DESCRIPTION OF THE TASK: Return all lines of the records that contain the word "screenshot".

Entries taken from a collection
============

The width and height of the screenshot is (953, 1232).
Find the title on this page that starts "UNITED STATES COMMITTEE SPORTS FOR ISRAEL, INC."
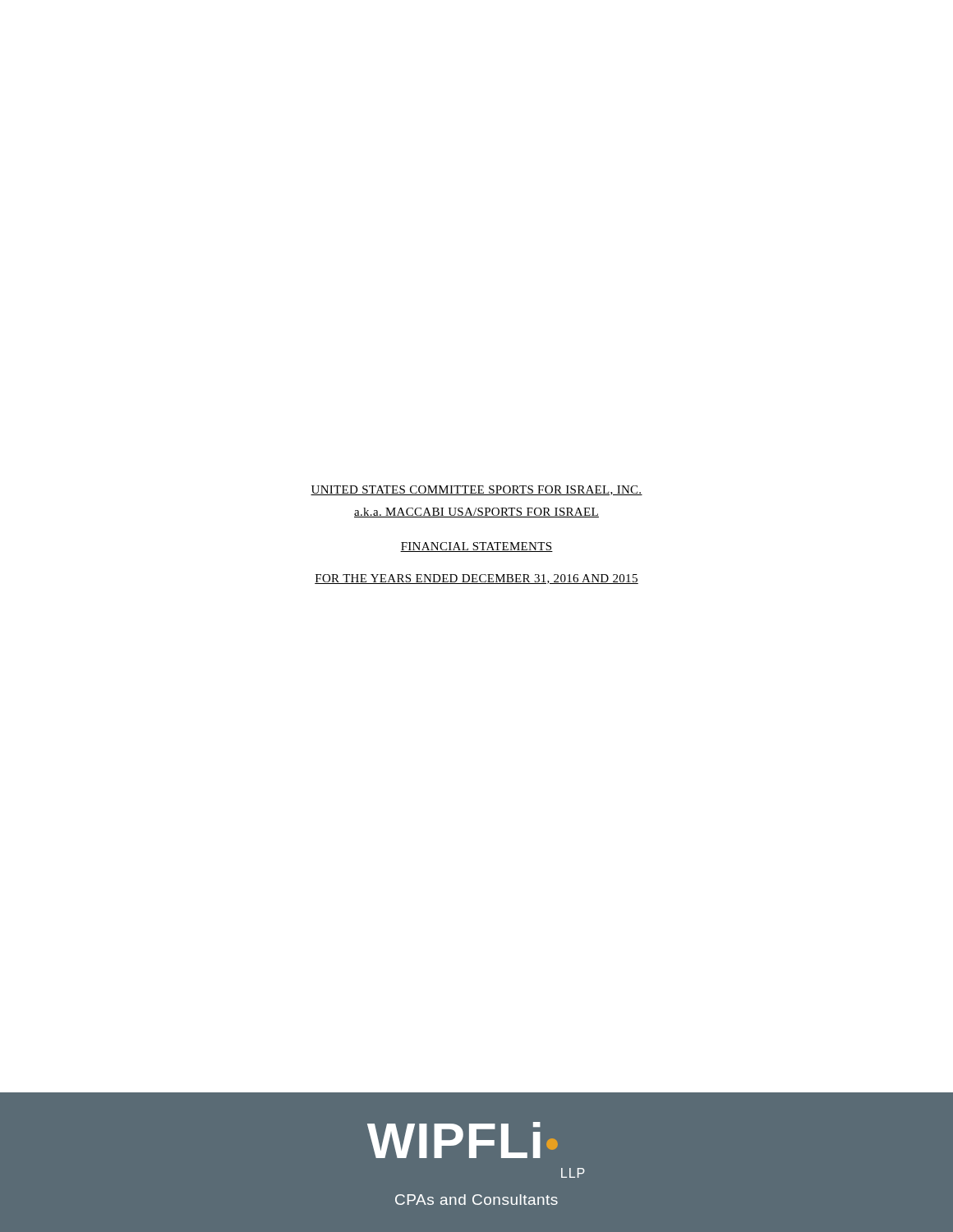pyautogui.click(x=476, y=501)
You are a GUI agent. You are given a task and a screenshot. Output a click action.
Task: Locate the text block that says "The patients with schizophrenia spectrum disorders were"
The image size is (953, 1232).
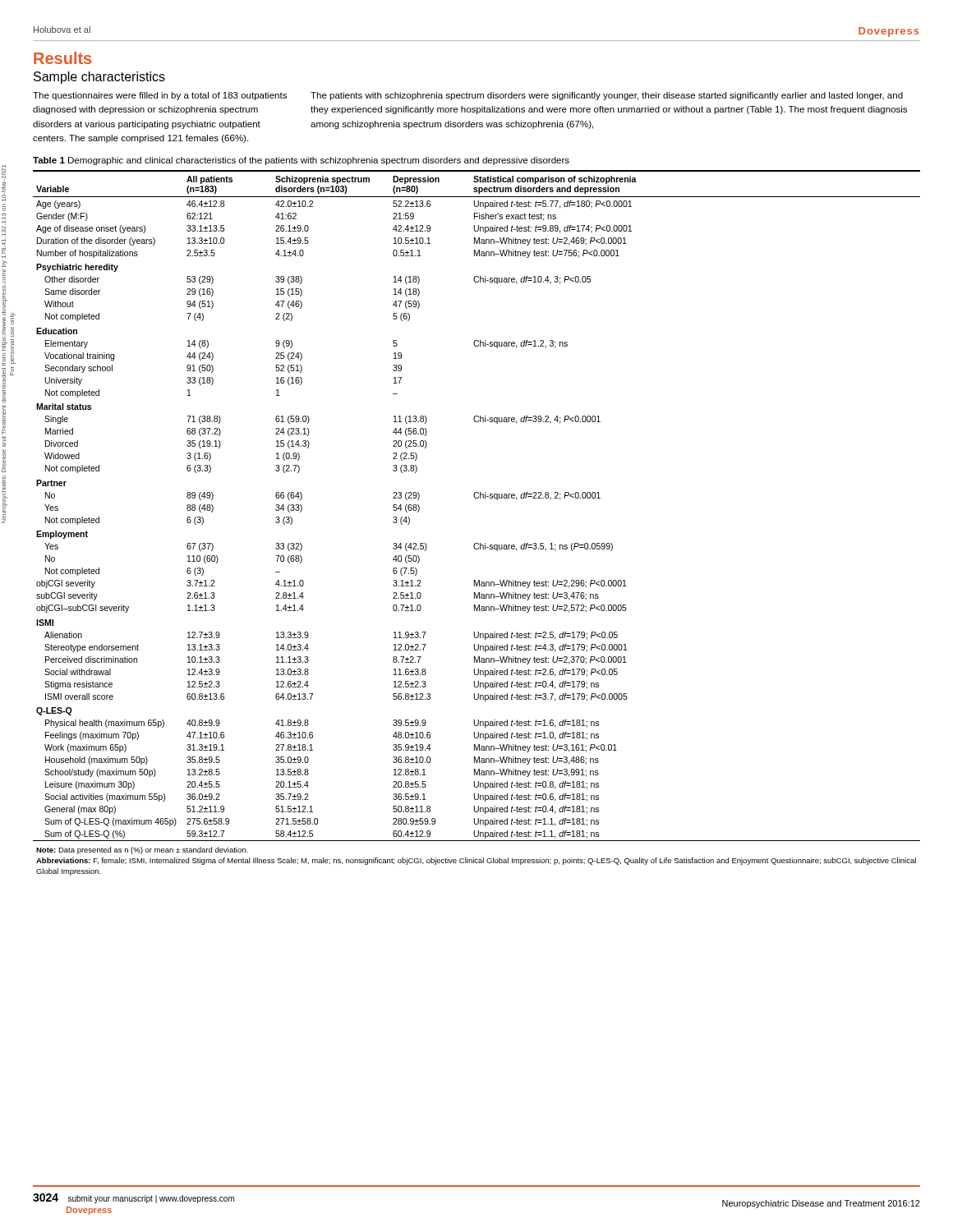point(609,109)
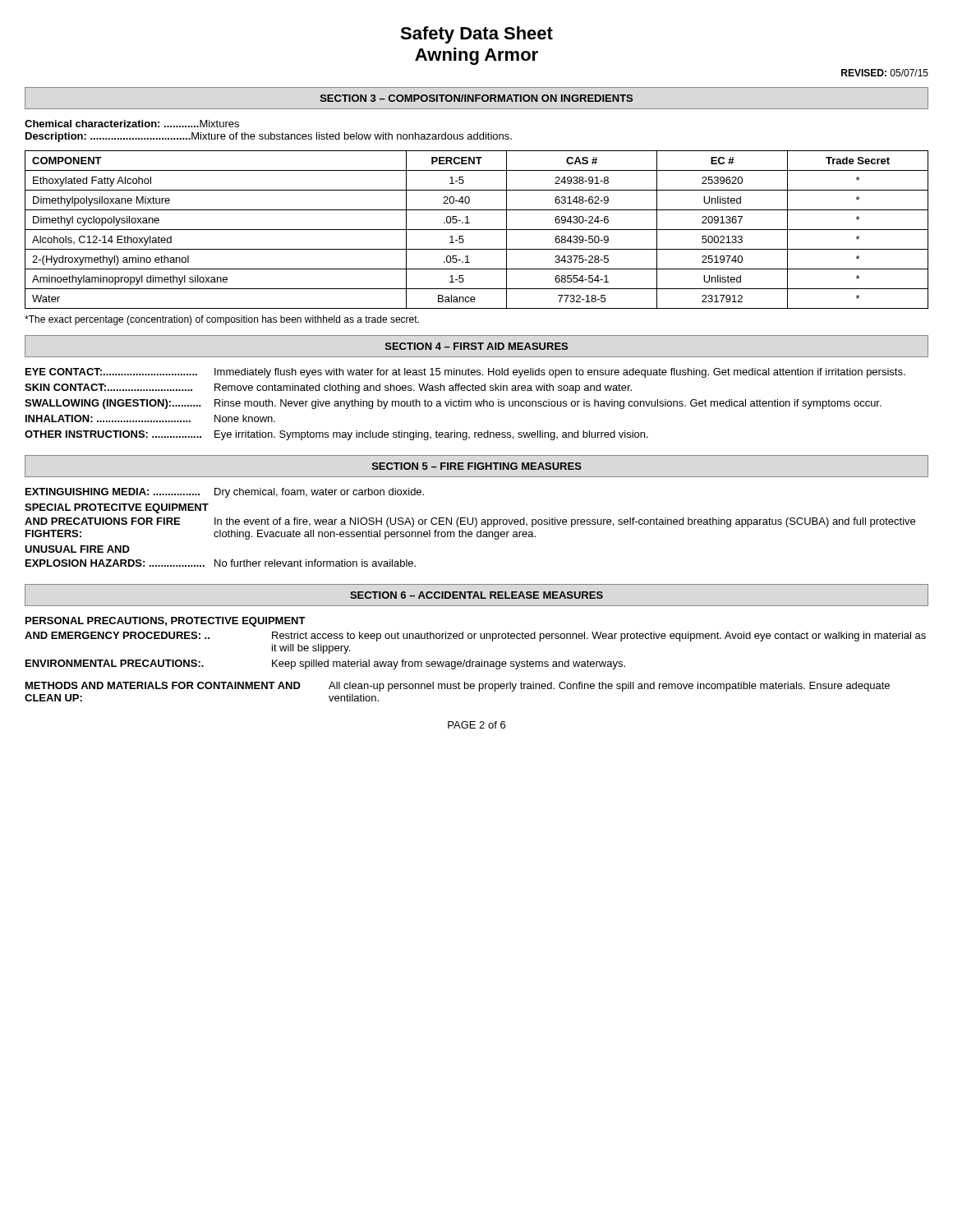Click on the block starting "PERSONAL PRECAUTIONS, PROTECTIVE EQUIPMENT AND"

476,659
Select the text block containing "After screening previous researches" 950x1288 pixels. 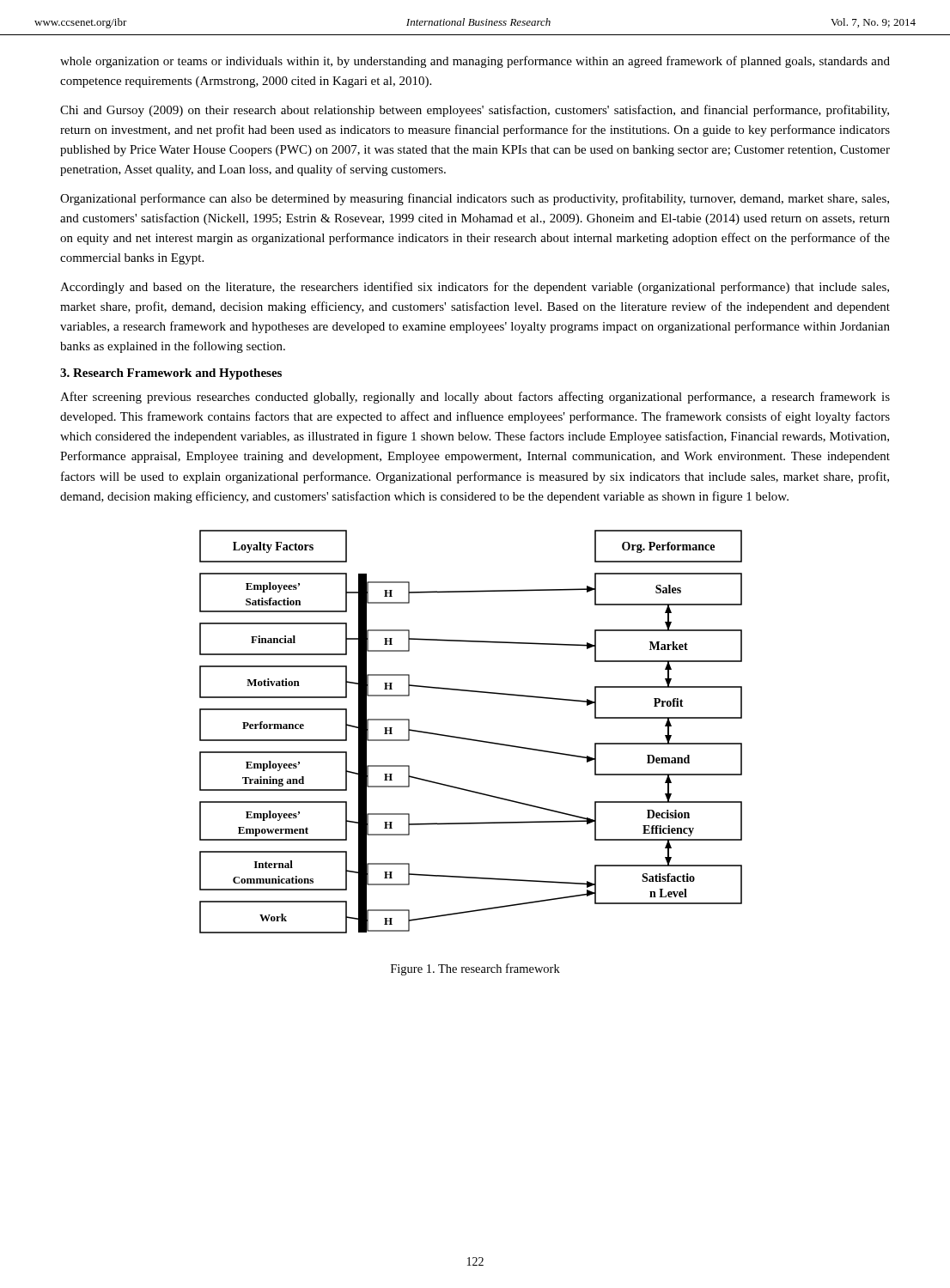[475, 446]

============

REPLY TO THE TASK:
The width and height of the screenshot is (953, 1232).
You are a GUI agent. You are given a task and a screenshot. Output a click action.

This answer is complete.